> [TASK STATEMENT]:
The full listing should be written out verbatim, and its images should be dropped.

----

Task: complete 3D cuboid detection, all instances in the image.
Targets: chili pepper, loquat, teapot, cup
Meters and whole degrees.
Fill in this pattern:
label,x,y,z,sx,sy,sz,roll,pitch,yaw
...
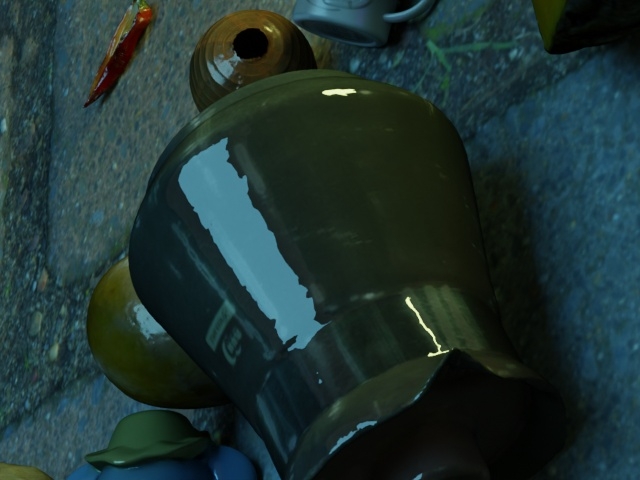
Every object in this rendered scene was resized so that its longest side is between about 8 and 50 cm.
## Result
label,x,y,z,sx,sy,sz,roll,pitch,yaw
chili pepper,-0.253,-0.235,2.166,0.178,0.027,0.045,-58,31,19
loquat,-0.131,0.084,1.702,0.227,0.179,0.179,-3,73,52
teapot,0.019,0.092,1.416,0.376,0.305,0.361,100,152,-46
cup,0.044,-0.264,1.680,0.136,0.099,0.133,9,82,57

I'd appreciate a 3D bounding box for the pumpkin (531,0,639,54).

----

> [SOLUTION TO THE PROBLEM]:
Task: complete 3D cuboid detection, all instances in the image.
Targets: chili pepper, loquat, teapot, cup
Meters and whole degrees.
Fill in this pattern:
label,x,y,z,sx,sy,sz,roll,pitch,yaw
...
Every object in this rendered scene was resized so that its longest side is between about 8 and 50 cm.
## Result
label,x,y,z,sx,sy,sz,roll,pitch,yaw
chili pepper,-0.253,-0.235,2.166,0.178,0.027,0.045,-58,31,19
loquat,-0.131,0.084,1.702,0.227,0.179,0.179,-3,73,52
teapot,0.019,0.092,1.416,0.376,0.305,0.361,100,152,-46
cup,0.044,-0.264,1.680,0.136,0.099,0.133,9,82,57

I'd appreciate a 3D bounding box for the pumpkin (531,0,639,54).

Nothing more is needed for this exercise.